• **Data provided**:
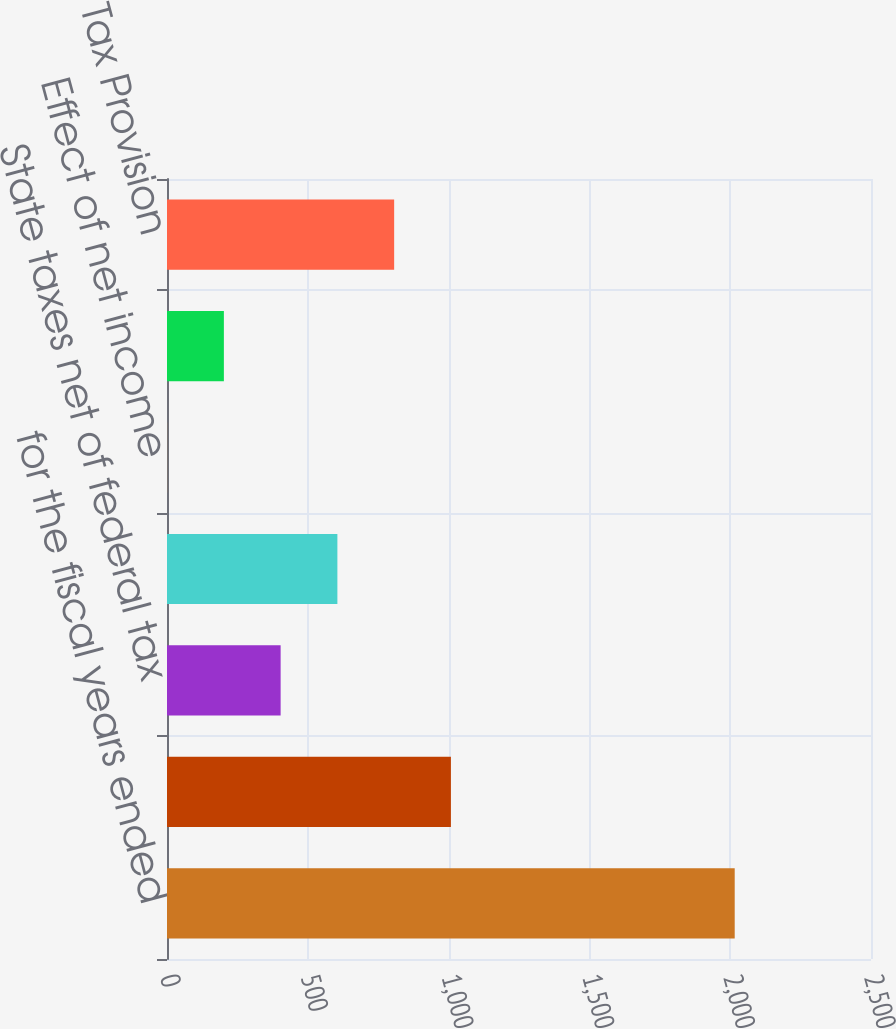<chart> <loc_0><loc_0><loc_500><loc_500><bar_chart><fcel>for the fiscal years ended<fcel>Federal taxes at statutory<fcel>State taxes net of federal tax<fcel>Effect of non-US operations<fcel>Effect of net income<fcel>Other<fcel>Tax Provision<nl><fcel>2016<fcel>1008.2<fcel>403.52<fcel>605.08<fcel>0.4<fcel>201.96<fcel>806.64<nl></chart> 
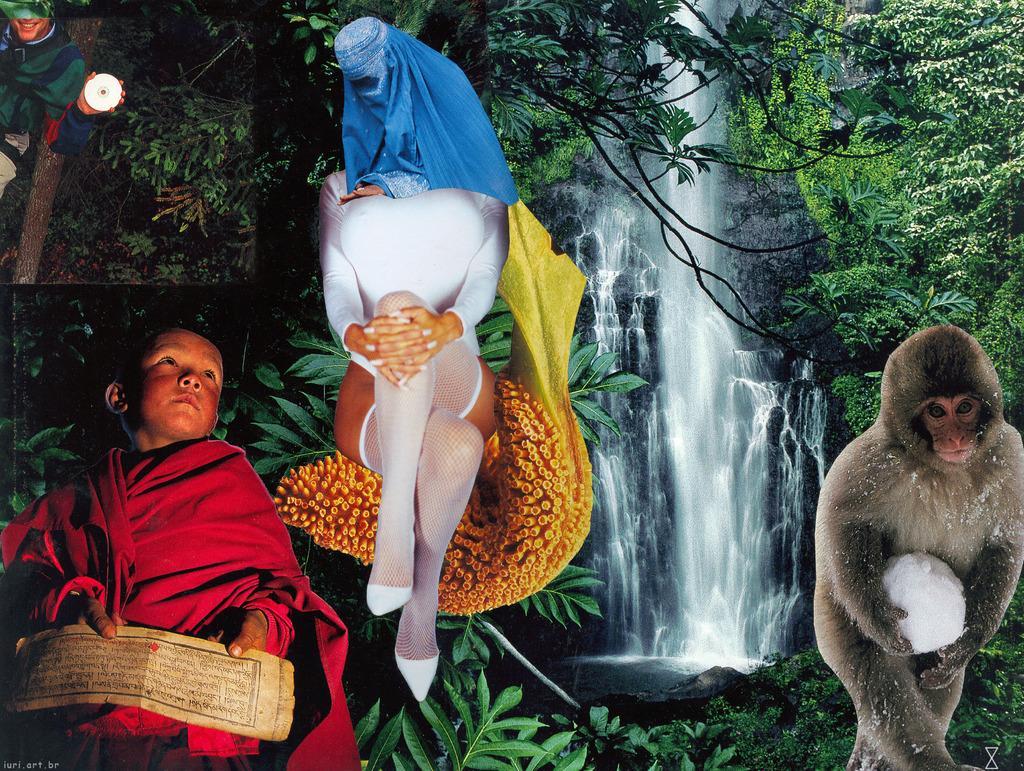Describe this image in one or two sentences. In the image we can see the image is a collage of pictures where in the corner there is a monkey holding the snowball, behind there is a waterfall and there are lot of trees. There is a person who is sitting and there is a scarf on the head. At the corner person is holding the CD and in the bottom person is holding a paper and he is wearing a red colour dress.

* * *

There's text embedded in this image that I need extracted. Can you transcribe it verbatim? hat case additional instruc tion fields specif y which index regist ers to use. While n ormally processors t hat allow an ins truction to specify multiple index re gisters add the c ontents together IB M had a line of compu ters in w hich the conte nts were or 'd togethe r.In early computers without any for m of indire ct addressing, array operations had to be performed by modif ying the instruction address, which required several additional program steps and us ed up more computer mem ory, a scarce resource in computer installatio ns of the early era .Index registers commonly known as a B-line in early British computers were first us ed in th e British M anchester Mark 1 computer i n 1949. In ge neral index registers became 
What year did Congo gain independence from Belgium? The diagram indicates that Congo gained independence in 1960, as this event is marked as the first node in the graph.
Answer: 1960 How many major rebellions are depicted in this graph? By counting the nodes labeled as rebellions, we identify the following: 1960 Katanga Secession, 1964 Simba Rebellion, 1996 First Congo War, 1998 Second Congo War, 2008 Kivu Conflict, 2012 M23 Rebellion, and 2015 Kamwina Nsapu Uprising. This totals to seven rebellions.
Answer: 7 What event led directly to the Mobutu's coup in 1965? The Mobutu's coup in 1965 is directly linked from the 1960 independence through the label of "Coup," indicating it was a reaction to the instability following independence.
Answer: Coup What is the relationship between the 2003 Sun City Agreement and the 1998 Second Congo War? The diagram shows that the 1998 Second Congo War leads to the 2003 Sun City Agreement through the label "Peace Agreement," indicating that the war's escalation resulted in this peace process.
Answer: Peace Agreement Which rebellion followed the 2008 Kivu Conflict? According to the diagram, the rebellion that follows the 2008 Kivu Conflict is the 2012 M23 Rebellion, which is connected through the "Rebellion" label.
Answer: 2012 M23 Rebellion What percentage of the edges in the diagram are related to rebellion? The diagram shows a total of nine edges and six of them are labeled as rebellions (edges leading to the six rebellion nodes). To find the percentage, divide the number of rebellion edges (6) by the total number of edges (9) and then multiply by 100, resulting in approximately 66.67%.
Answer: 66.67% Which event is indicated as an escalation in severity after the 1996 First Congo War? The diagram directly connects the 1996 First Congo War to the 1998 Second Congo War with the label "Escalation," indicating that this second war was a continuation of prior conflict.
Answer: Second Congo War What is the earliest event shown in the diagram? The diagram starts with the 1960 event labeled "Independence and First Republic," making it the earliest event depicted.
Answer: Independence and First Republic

* * *

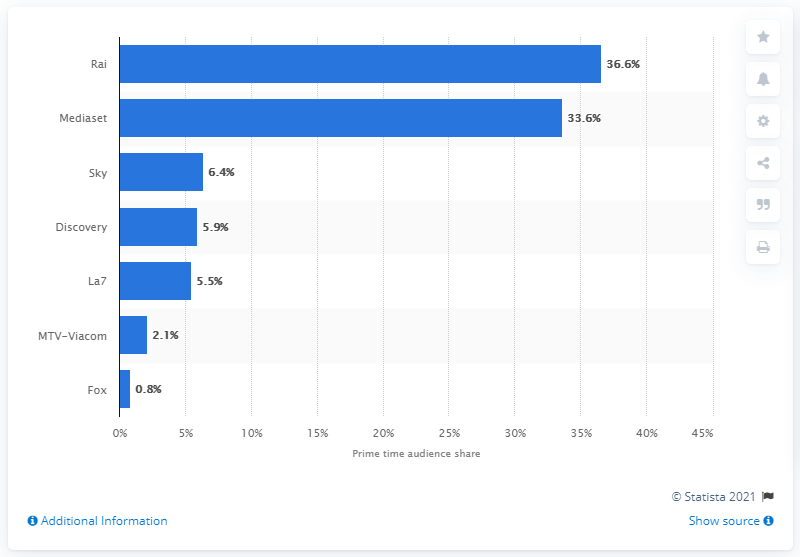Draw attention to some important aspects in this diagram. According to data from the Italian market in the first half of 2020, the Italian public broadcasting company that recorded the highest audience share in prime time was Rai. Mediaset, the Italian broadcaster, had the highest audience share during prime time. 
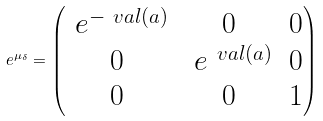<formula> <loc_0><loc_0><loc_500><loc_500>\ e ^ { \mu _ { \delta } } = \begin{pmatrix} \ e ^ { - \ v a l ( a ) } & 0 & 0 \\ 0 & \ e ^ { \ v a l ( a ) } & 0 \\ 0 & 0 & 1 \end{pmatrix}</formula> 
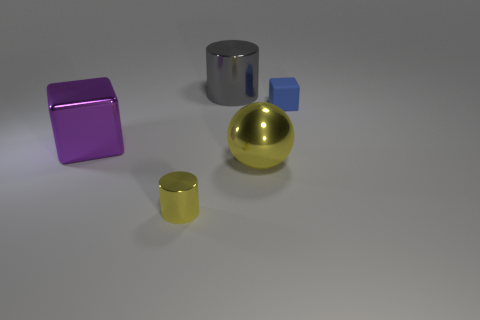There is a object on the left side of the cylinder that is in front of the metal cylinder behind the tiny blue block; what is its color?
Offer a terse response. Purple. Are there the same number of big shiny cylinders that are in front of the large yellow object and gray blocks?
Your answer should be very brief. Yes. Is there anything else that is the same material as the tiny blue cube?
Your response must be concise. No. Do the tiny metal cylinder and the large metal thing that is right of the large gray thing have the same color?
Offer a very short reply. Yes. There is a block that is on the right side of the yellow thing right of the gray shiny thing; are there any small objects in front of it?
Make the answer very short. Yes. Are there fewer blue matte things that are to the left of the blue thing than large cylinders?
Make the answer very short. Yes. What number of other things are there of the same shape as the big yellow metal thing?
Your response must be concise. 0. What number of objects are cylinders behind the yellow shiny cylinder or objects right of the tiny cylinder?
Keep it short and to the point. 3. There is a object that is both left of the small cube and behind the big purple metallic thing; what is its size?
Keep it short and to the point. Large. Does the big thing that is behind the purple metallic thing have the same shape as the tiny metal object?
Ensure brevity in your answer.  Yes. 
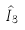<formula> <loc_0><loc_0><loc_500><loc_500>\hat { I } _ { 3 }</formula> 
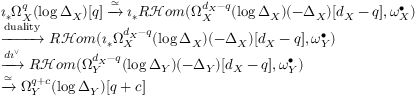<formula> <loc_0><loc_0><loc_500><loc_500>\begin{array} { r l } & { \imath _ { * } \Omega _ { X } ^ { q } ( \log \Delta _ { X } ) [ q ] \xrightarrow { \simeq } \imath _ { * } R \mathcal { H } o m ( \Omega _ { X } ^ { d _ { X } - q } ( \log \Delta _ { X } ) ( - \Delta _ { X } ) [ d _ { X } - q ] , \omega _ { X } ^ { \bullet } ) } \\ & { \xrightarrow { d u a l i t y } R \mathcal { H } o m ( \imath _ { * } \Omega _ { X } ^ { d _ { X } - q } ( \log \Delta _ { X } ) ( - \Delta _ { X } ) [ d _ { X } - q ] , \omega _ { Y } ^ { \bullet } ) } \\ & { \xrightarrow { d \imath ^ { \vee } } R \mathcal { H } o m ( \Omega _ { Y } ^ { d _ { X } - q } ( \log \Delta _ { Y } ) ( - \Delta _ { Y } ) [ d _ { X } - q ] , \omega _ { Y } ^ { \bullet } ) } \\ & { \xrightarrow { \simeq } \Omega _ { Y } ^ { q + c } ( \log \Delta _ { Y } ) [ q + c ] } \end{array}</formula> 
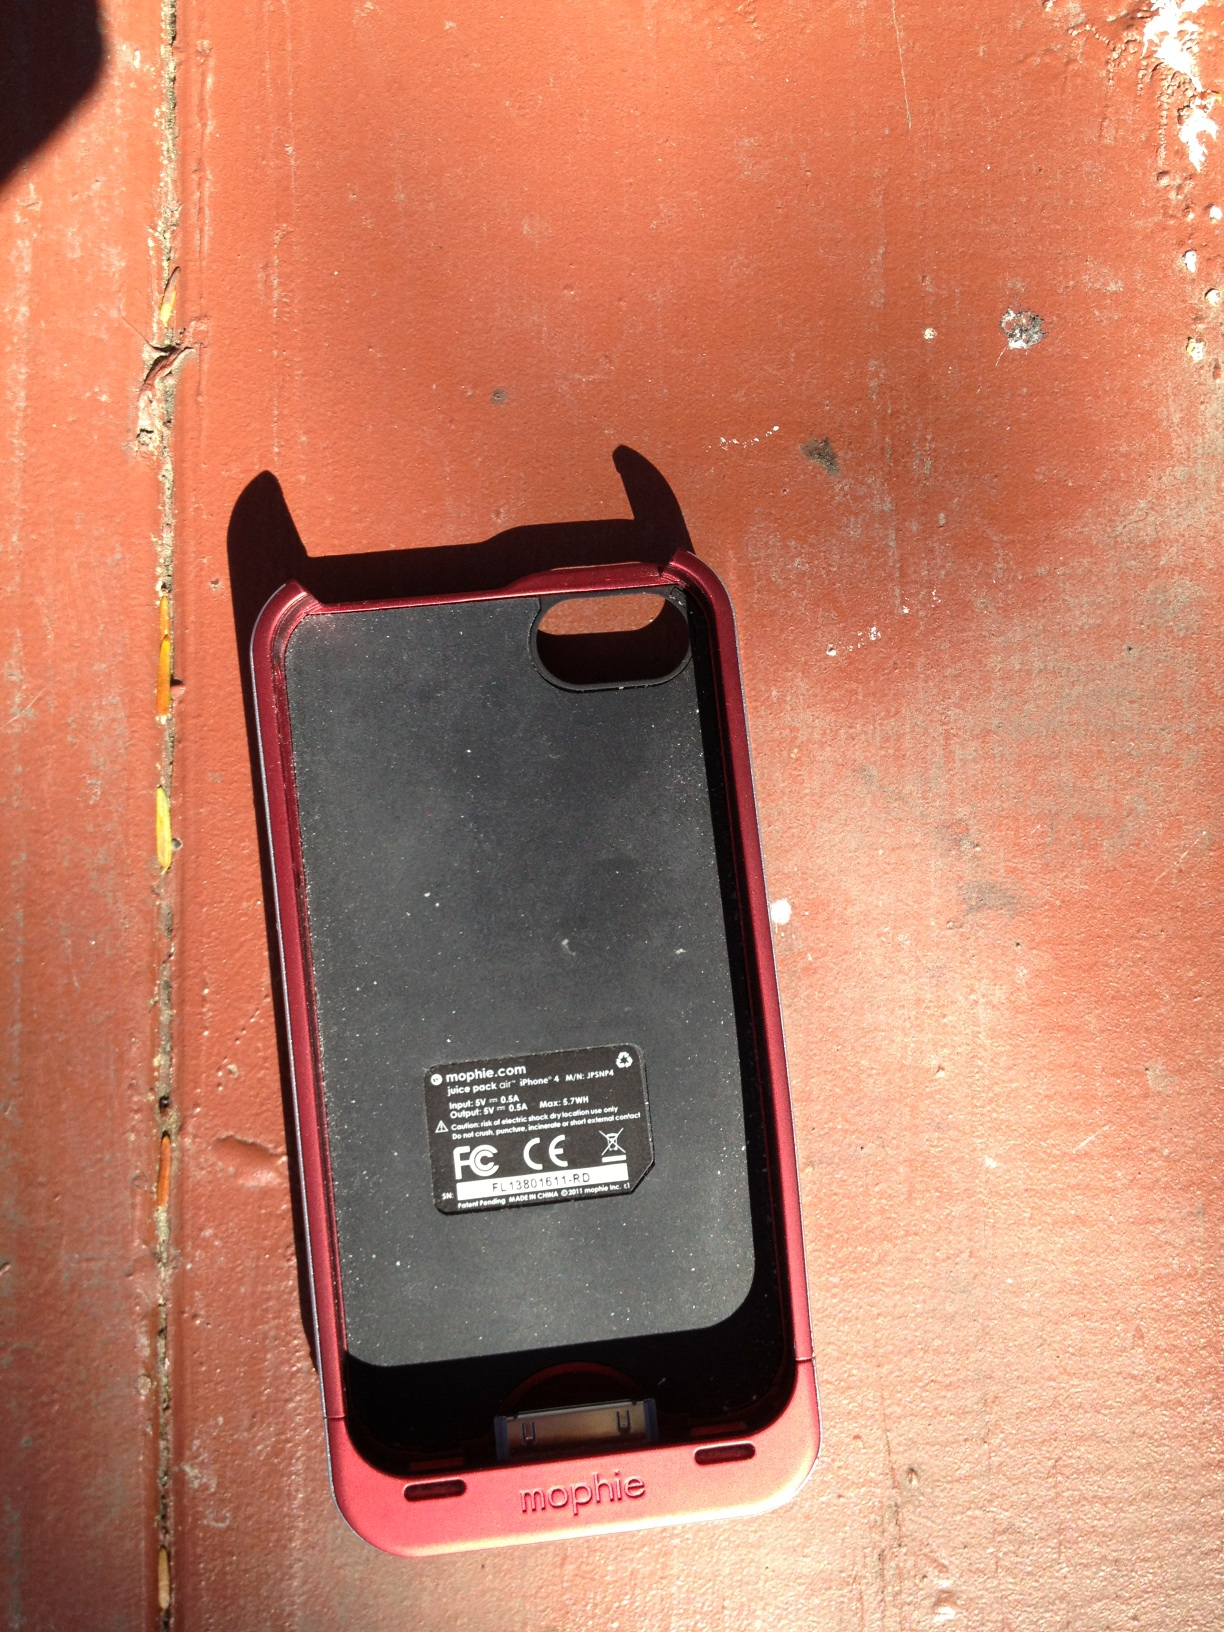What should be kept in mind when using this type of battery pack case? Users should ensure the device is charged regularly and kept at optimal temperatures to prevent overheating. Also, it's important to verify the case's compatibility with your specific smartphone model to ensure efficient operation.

• **Exercise details**: Wherever the word "Offer" appears in a line of the data, copy that line.

• **Completed task**:
Offer a terse response. Purple. Are there the same number of big shiny cylinders that are in front of the large yellow object and gray blocks?
Offer a very short reply. Yes. There is a block that is on the right side of the yellow thing right of the gray shiny thing; are there any small objects in front of it?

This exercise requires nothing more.